Ну да! Нашел дурака. Прыгать я, естественно, отказался. Рабинович как
ни уговаривал меня, как ни увещевал, но будь он хоть трижды альфа-лидер,
заставить меня полететь все равно бы не смог. Я остался сидеть, где
сидел, укоризненно глядя на распоясавшегося хозяина, и тому в итоге
пришлось сдаться.
Вот таким образом сто рублей из кармана моего Рабиновича перекочевали
в руки охранника, а второй стольник спокойно спикировал в кошелек
Сергея. Но самое страшное началось рано утром. Есть у Сени привычка
деньги перед работой пересчитывать. Представляете, что началось, когда
он утром двух сотен не досчитался?.. Ох он и орать начал. И "оборзел
совсем народ, пьяных ментов на улицах обирает" (будто самому с народом
такого делать не приходилось?!), и "это те две шлюхи в баре меня
кружанули" (словно сам во время рейдов "ночных бабочек" за мзду снова на
работу не отпускал). Ну, а когда Рабинович вспомнил, куда на самом деле
деньги подевались, так тут его и вовсе едва инфаркт не хватил. Мне даже
пришлось звуковую терапию применить. То есть попросту наорать на него, а
то Сеня так до конца жизни из комы бы и не вышел...
Я это потому рассказал, что после этого случая Рабинович навсегда
зарекся что-то делать, трезво не оценив ситуацию для начала. Но мой
Сеня, что влюбленный, что пьяный, одинаковый дурак! Причем можно еще
поспорить, в каком состоянии он больше идиотских поступков совершает.
Вместо того, чтобы подумать и понять всю бессмысленность похода к
Хирону, Рабинович хлопал влюбленными глазенками (тьфу!) и готов был
потакать своей пассии во всем.
Лично я считал, что мотаться с Гераклом по эллинским докторам можно
до скончания веков, да так и не добиться каких-либо сдвигов. Нужно было
идти к Олимпу и найти его папашу. А уж тот, поскольку бог как-никак,
что-нибудь и придумал бы для исцеления своего сына. В сказки о том, что
Олимп куда-то исчез, я не верил. Сами посудите, ну куда может пропасть
огромная гора, высотой почти три тысячи метров над уровнем моря?..

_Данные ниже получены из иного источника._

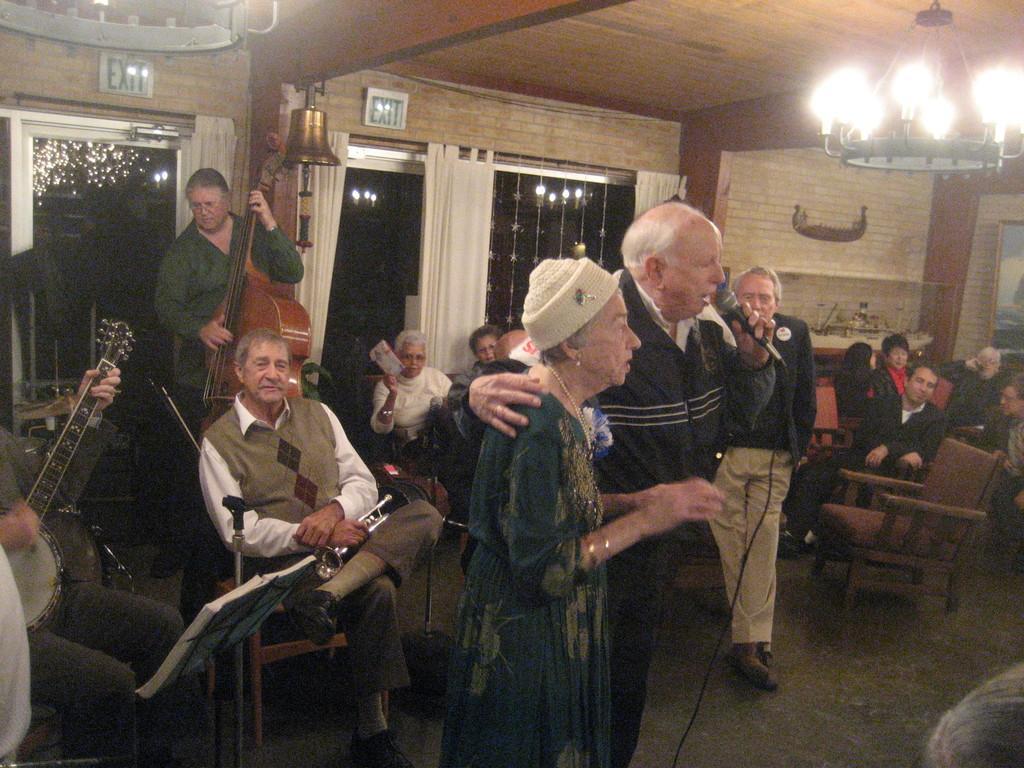Describe this image in one or two sentences. This picture shows the inner view of a room, one light set attached to the ceiling, dome lights, few objects hangs near the glass door, some curtains attached to the glass doors, one object attached to the ceiling, some chairs, one bell hanged to the ceiling, some people are sitting on the chairs, two person´s playing musical instruments, few objects attached to the wall, one frame attached to the wall, some objects on the floor, some objects on the table near the wall, one book on the stand, few people are standing, few people are holding objects, one man holding a microphone and singing in the middle of the image. 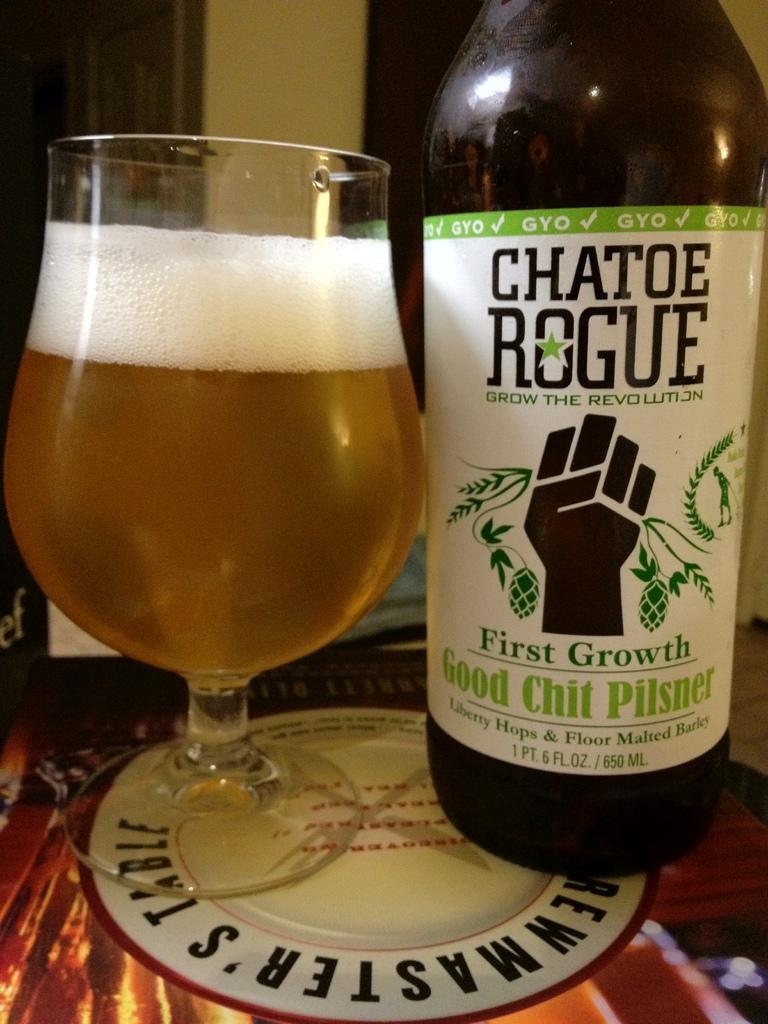<image>
Give a short and clear explanation of the subsequent image. A bottle of Chatoe Rogue sits next to a glass. 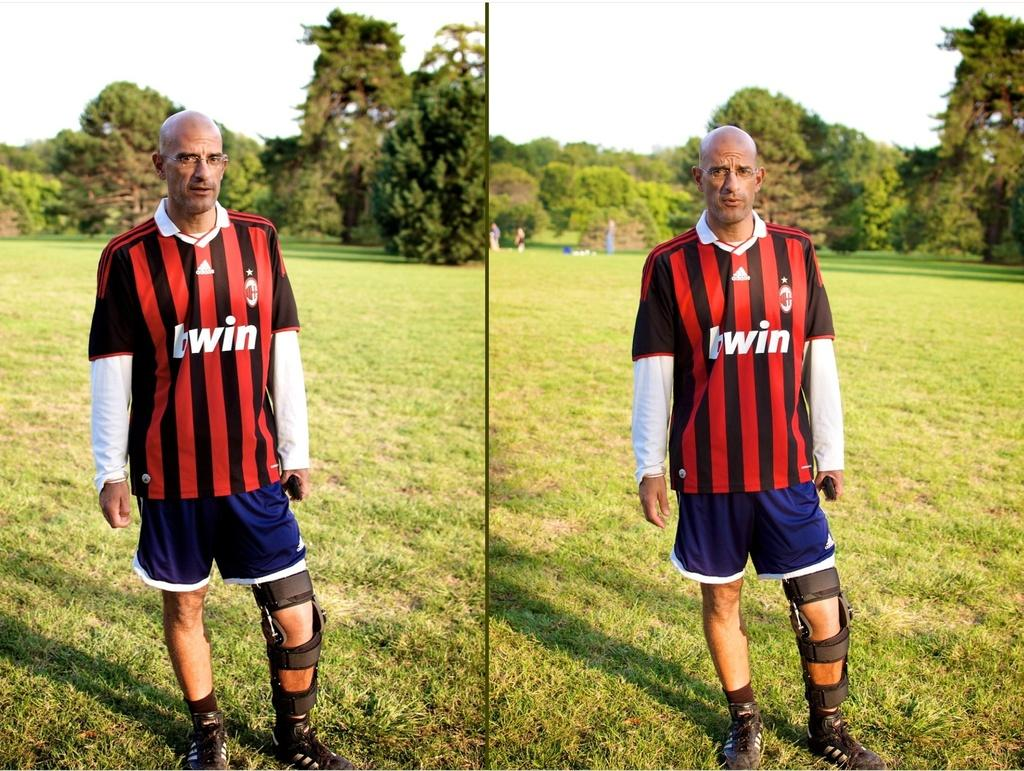<image>
Provide a brief description of the given image. Two images of the same chap wearing a black and red football top sponsored by Betwin as he stands in a field with a strapped up leg. 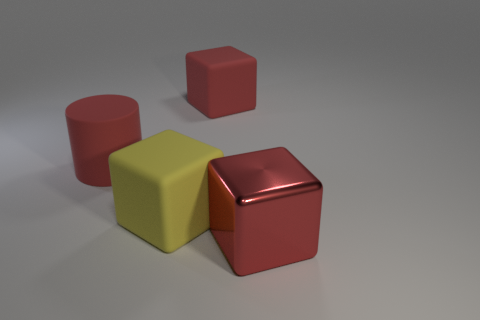Subtract 1 blocks. How many blocks are left? 2 Add 2 cylinders. How many objects exist? 6 Subtract all blocks. How many objects are left? 1 Subtract all red cubes. Subtract all rubber blocks. How many objects are left? 0 Add 1 metal objects. How many metal objects are left? 2 Add 3 big things. How many big things exist? 7 Subtract 0 green cylinders. How many objects are left? 4

Правильно, никуда! Это же вам не жомовская заначка после тщательного
обыска жены.
До Олимпа нас и Гомер спокойно довести мог, а уж там, на месте, бы и
решили, как попасть на сходку местных богов в законе. Однако слушать
меня, естественно, никто не стал. Лишь один Горыныч попытался возразить
Рабиновичу, сказав, что нам лучше поторопиться найти Зевса, пока не
случилось чего-нибудь совсем непоправимого, но Сеня у него ехидно
поинтересовался, запасся ли Ахтармерз картой местности, или одна из его
голов, как компас на север, всегда в сторону Зевса смотрит. Горыныч
понял, что спорить с упершимся Рабиновичем бесполезно и, обреченно
махнув крыльями, забрался поглубже в колесницу.
В общем, Сенино решение о походе к Хирону оспаривать было некому, и
наша экспедиция стала собираться в дорогу. В первую очередь Жомов,
обидевшийся на хозяина постоялого двора за столь бесцеремонное утреннее
обращение с гостями, самым наглым образом спустился в винный погреб и
экспроприировал оттуда две амфоры с лучшим вином. Хозяин попытался
воспротивиться разбою и приготовился звать городскую стражу, но, получив
кулаком по макушке, решил, что заведение понесет меньше убытков, если
быкоподобный чужестранец спокойно возьмет то, что хочет.
Попов, успевший к тому времени под шумок стащить из кухни целого
жареного барана, увидев, что именно принес Ваня, взбесился. Он заявил,
что отказывается ехать в колеснице, если в компанию к Гераклу, Немертее
и Горынычу добавятся еще и катающиеся из угла в угол глиняные канистры.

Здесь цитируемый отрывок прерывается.